Why is Lillyan looking through a bin of rotting food and dirt? She is looking for worms. They “help me feel better,” she says.
With all the gardening going on around here lately, we’ve decided to start composting as well. But not just good ole, garden-variety, big pile in your backyard composting — vermicomposting!
Vermicomposting means using earthworms to aid in the process. Everything you could ever want to know about it is here, at Worm Digest. Worms eat organic matter and turn it into enriched soil. They are little, wiggly natural fertilizer factories.
This is our worm bin. It came from Worms Wrangler, but there are plenty of places on the web to find one. Ours has five trays and a drip pan with a spout for “worm tea.” We’ll talk about the tea another day.
The idea is that you fill the bottom tray, the worms completely compost whatever is in there and then they move up to the next tray. You don’t have to mound and sort and dry out and separate your worms from your compost like you do in a traditional worm bin.
The worms need bedding along with all the old food, and from my research, Coconut Coir is their favorite. Lord knows we want these worms to be happy! Coir fibers are found between the husk and the outer shell of a coconut, and coir is a sustainable resource. It is sold in compressed blocks like this, but I didn’t need near that much, so I cut one in half with my trusty hand saw. More difficult than you might think. That’s one dense block of coconut hair.

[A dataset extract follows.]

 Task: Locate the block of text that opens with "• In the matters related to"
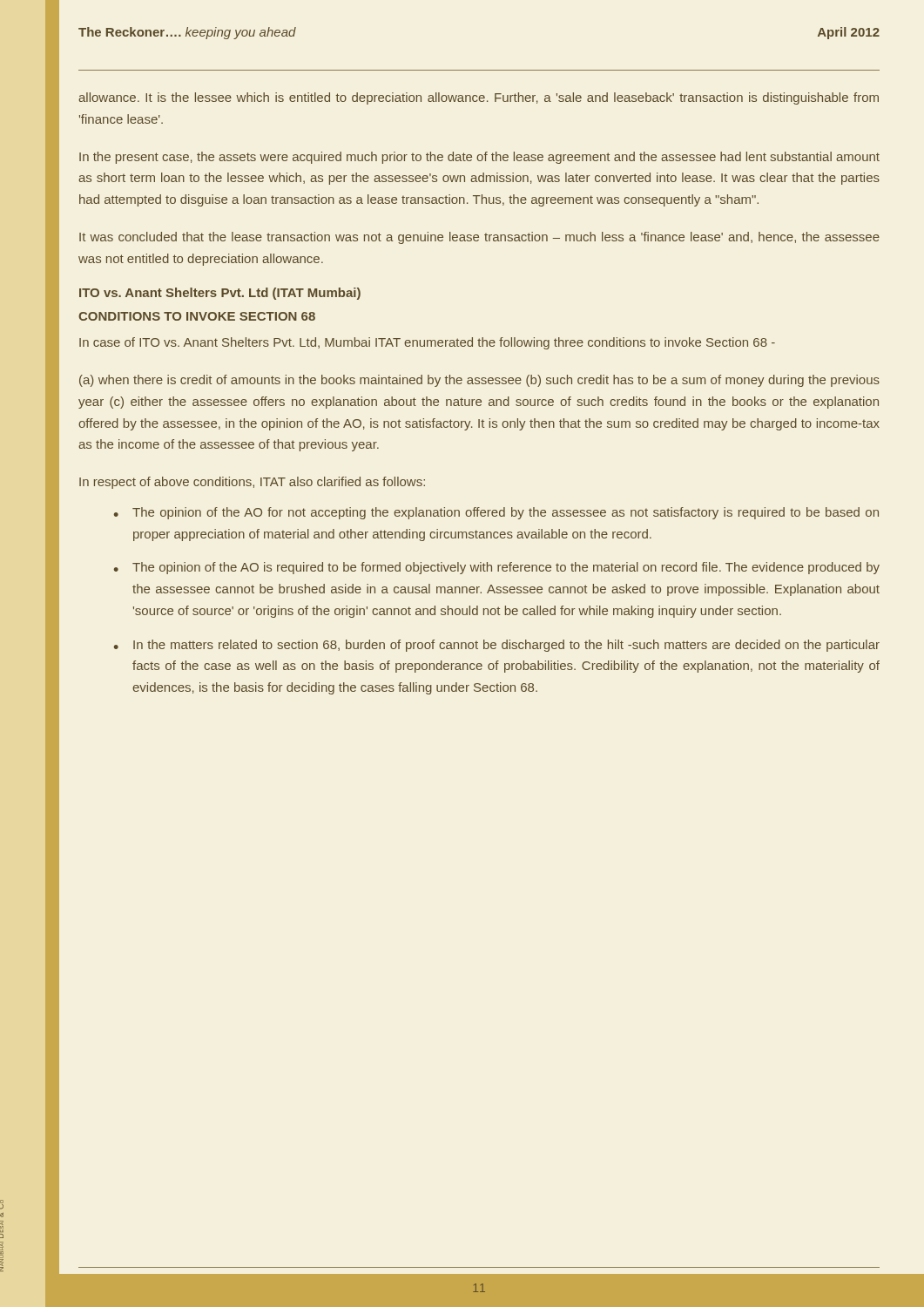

You have to soak the coconut coir in a bucket of water. That one half-brick was way too much for this bucket. As you can see it’s still pretty dense in there. Be sure you give yourself plenty of room for coconut hair expansion, I guess. Who knew.
Then squeeze the excess water out of the coir and you have worm bedding! Those worms are just going to be in worm heaven … wait … Would EARTHworms enjoy heaven?
Then you add a couple of handfuls of organic potting soil, and voila, a five-star hotel for Red Wigglers. Just wait until they hear about the 5-course meals!
It’s helpful to have a two-year-old mix it all up for you while you take the photos.
Most compost bins just love grass clippings, so Daddy has been saving these for us, but we discovered worms are just not that into them. They can’t be bothered with grass when there are organic navel orange peels to eat. Guess the grass clippings have to go.
This is the stainless steel pail that sits on our kitchen counter for collecting food for vermicomposting. It has filters in the lid, so even though there may be strawberry tops growing fuzz in the bottom, you’d never smell it. We put all our fruit and vegetable waste in here, but no meats, fish or dairy.
Again, try to get a two-year-old to do your dirty work. She’s mixing up the old food with all the presoaked coconut coir and a tiny bit of potting soil.
All set. Now all we are missing are the worms. We wait eagerly everyday for the mail lady to arrive. (Worms come in the mail, didn’t you know that?)
Delivered fresh by your US Postal Service: two-pounds of Red Wiggler Earthworms. There are about 2000 of those little guys in that sack (according to the seller). They are packed with a little more of, yep, you guessed it, coconut coir. Lucky worms.
Here they are, in all there wiggly, rotten-food-lovin’ glory. Lillyan was thrilled.
Yes, we used our hands to mix them all up with the old food and coir. Nothing like squishly earthworms and black banana peels under your fingernails. Now those worms just need to get to eating!
Everyday we peek in at our worms. Lillyan insists on telling them “night night” before every nap or bedtime. They are shy creatures, though, so she has to make it quick. They hate the light, so when we take the lid off, they dive under the surface.
Now we just wait … and let the earthworms feast at their all-inclusive resort.
We’ll let you know what happens in this riveting tale of rotting food and squirmy worms.